### Work to complete
Hunt for the word "fields" across the entries below, copying each line that holds it.

### Given records
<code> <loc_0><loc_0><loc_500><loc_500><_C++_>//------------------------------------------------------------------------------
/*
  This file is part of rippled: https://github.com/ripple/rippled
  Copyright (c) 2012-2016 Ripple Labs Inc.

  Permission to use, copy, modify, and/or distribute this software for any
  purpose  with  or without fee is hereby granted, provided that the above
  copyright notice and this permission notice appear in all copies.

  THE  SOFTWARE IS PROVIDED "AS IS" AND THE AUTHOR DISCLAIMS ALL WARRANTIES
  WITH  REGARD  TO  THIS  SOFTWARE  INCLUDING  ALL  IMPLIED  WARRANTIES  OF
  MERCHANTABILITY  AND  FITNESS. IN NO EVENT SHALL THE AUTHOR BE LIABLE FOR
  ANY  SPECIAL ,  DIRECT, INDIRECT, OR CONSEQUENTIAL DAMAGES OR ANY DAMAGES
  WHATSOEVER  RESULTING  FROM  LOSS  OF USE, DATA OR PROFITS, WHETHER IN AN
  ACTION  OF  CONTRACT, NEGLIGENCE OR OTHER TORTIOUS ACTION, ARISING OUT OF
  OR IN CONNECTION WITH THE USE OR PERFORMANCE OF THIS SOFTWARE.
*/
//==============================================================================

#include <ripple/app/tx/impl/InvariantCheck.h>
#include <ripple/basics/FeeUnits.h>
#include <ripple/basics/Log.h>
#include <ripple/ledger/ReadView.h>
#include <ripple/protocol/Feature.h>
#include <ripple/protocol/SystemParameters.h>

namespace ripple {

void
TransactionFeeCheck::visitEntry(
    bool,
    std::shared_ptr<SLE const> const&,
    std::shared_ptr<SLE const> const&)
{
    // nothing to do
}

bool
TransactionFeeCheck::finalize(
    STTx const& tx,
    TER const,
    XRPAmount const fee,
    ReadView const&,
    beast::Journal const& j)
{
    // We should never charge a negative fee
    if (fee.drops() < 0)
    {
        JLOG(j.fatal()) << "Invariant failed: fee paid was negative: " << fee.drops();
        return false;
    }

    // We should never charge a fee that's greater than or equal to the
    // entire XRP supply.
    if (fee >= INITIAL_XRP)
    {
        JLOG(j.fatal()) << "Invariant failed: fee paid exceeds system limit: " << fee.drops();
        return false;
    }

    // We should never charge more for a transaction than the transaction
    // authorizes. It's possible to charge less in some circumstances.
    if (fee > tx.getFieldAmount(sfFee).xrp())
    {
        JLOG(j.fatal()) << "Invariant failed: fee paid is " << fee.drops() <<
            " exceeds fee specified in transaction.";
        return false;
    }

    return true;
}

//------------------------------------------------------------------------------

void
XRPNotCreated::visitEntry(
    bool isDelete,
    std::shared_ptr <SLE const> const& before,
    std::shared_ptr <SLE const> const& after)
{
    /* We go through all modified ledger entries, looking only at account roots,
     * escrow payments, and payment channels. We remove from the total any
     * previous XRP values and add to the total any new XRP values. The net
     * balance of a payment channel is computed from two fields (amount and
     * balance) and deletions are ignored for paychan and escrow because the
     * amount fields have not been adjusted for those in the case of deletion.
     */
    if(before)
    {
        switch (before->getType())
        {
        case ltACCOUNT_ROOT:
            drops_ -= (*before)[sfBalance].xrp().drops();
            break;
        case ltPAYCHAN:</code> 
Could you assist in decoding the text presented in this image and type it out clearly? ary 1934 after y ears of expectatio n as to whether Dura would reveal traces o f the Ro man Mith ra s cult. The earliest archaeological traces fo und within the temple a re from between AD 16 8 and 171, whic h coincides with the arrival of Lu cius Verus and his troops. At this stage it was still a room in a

==

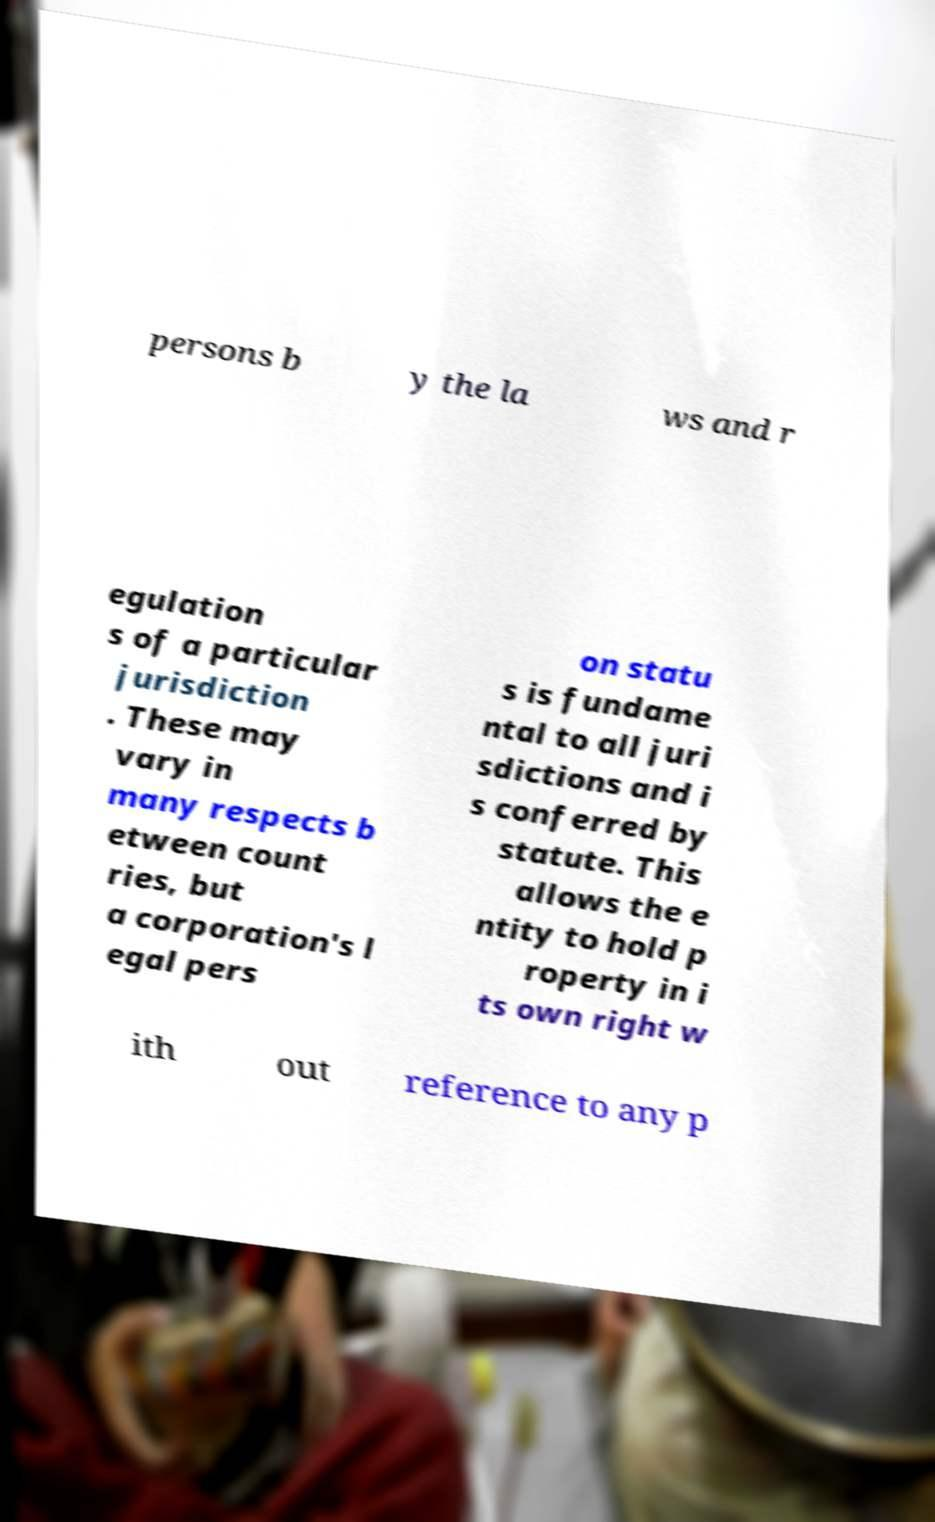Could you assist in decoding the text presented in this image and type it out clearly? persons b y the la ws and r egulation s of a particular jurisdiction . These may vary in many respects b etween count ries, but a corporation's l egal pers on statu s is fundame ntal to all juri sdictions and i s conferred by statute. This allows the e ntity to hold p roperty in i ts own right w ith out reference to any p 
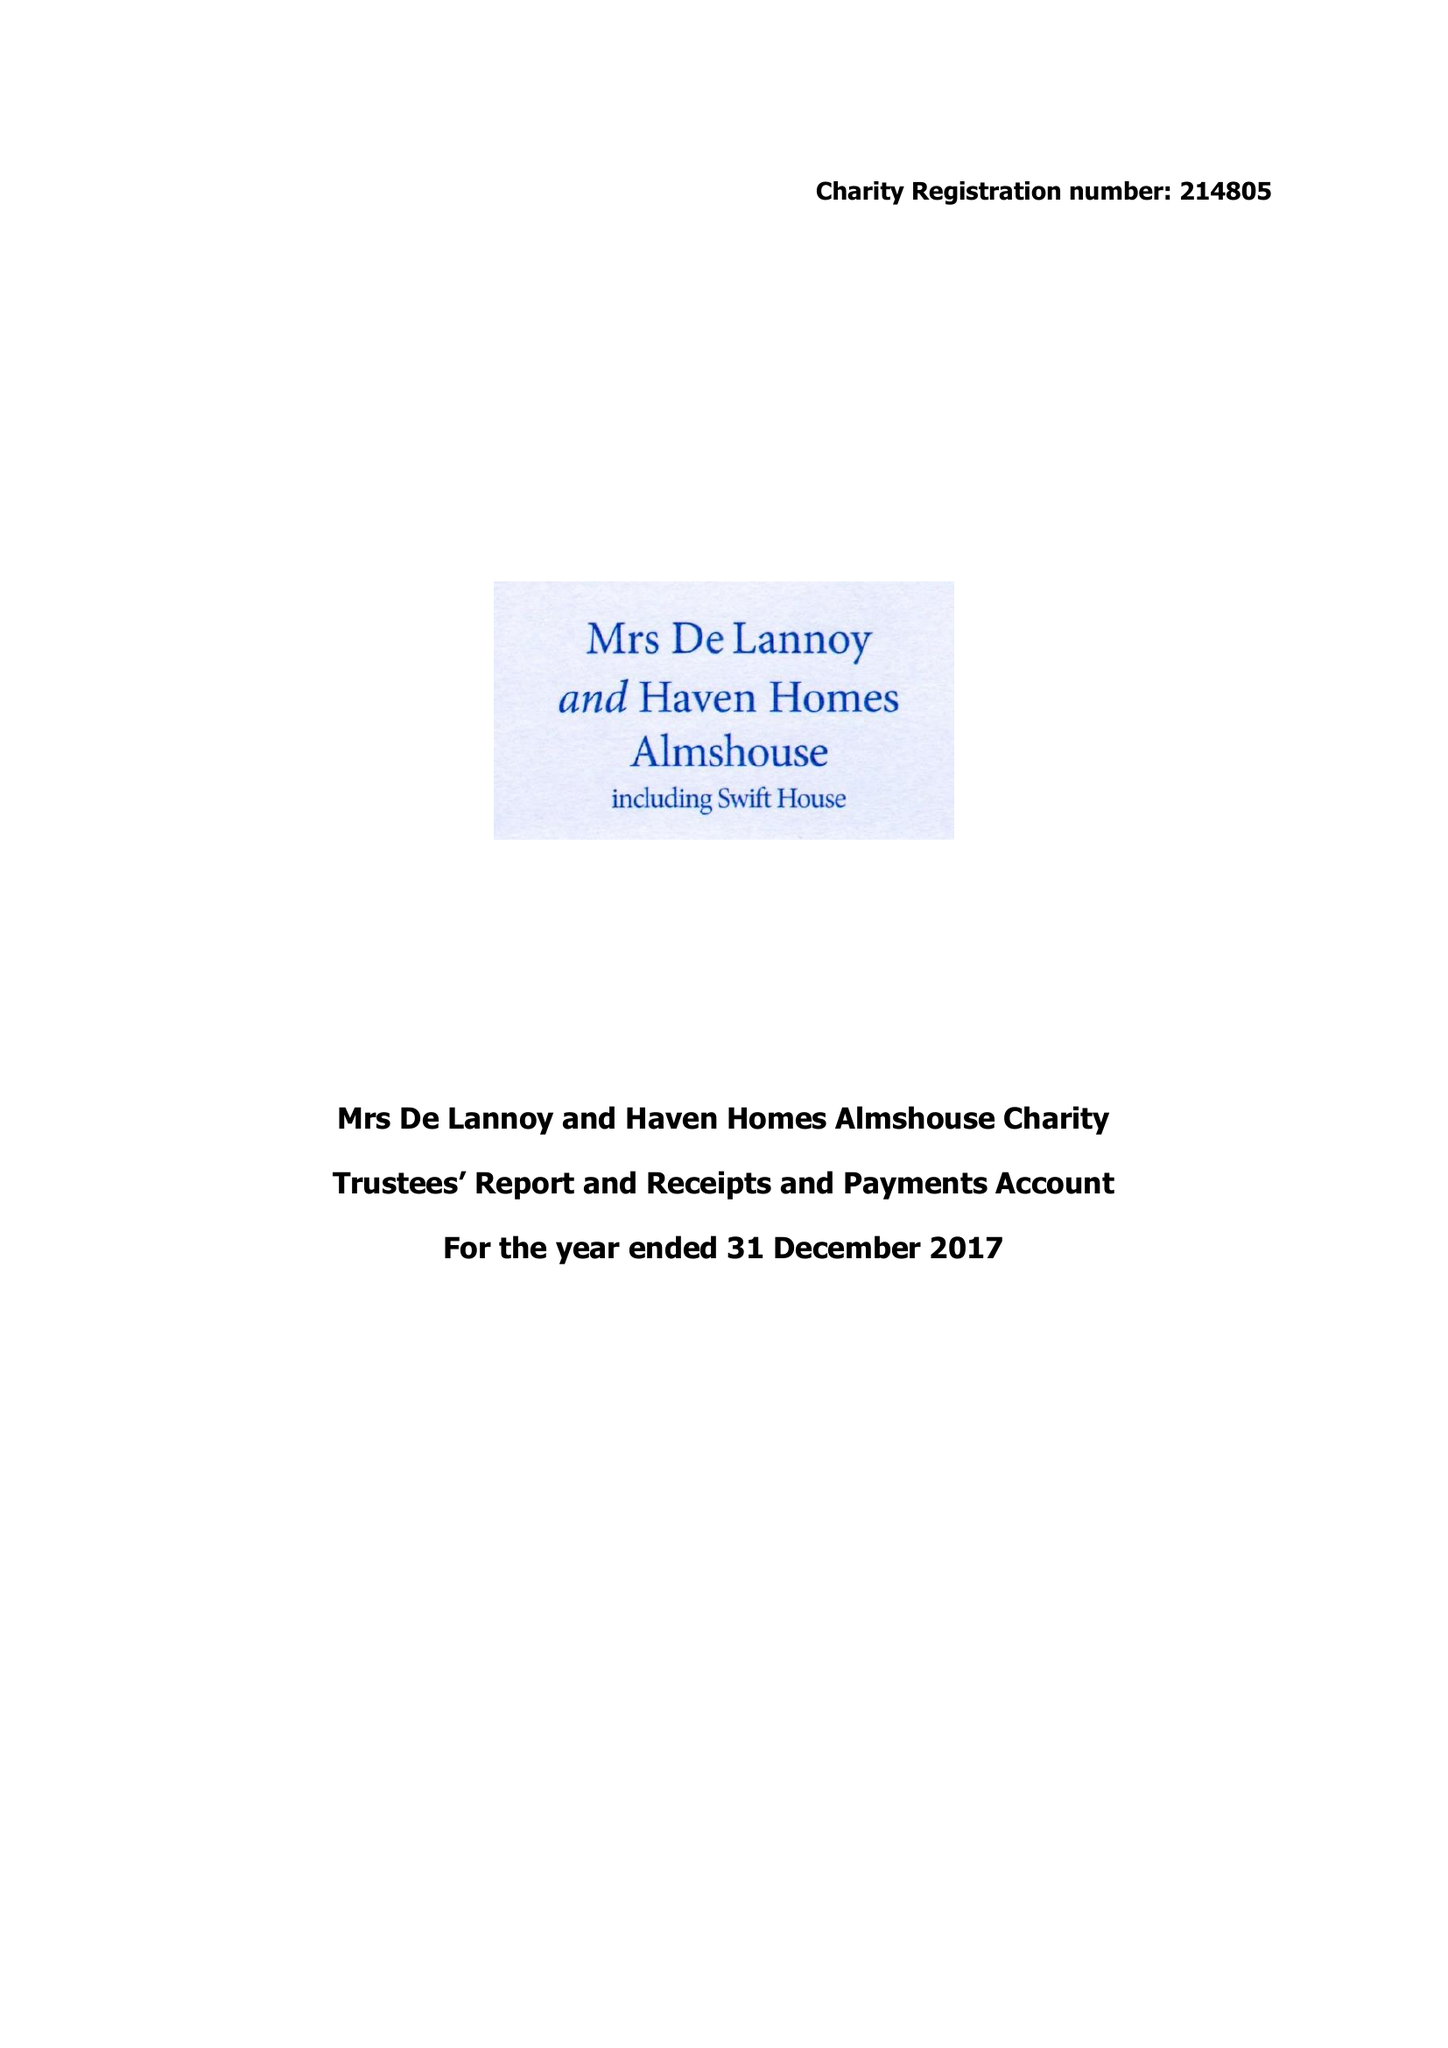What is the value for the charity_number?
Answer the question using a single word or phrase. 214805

---

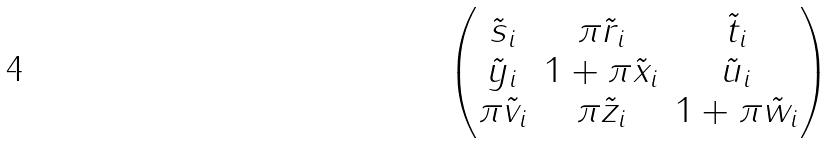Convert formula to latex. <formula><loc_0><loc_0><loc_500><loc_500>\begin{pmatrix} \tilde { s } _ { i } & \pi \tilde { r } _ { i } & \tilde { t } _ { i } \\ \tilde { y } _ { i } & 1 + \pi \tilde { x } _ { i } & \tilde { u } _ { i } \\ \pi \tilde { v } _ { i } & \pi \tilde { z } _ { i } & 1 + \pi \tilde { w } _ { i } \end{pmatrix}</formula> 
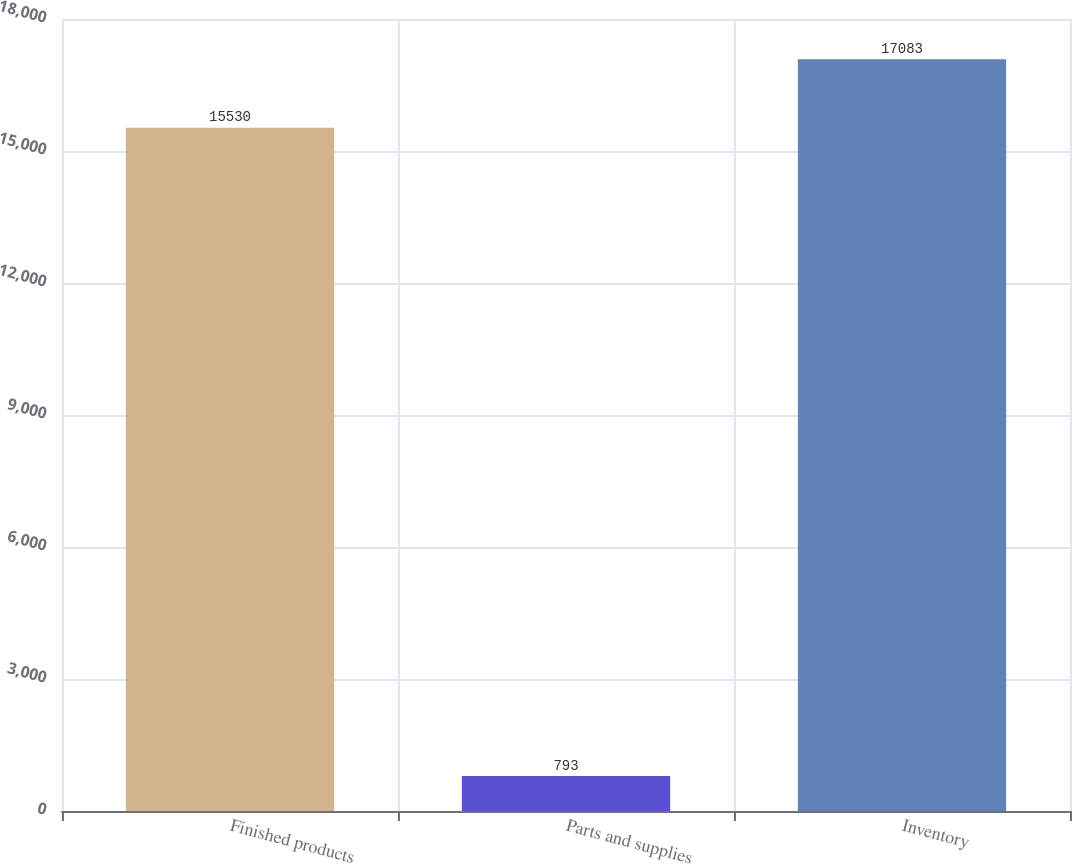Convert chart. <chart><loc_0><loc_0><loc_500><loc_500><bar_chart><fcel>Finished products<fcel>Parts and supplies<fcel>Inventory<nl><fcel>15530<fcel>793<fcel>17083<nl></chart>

### Exercise solution
     * balance of a payment channel is computed from two fields (amount and
     * amount fields have not been adjusted for those in the case of deletion.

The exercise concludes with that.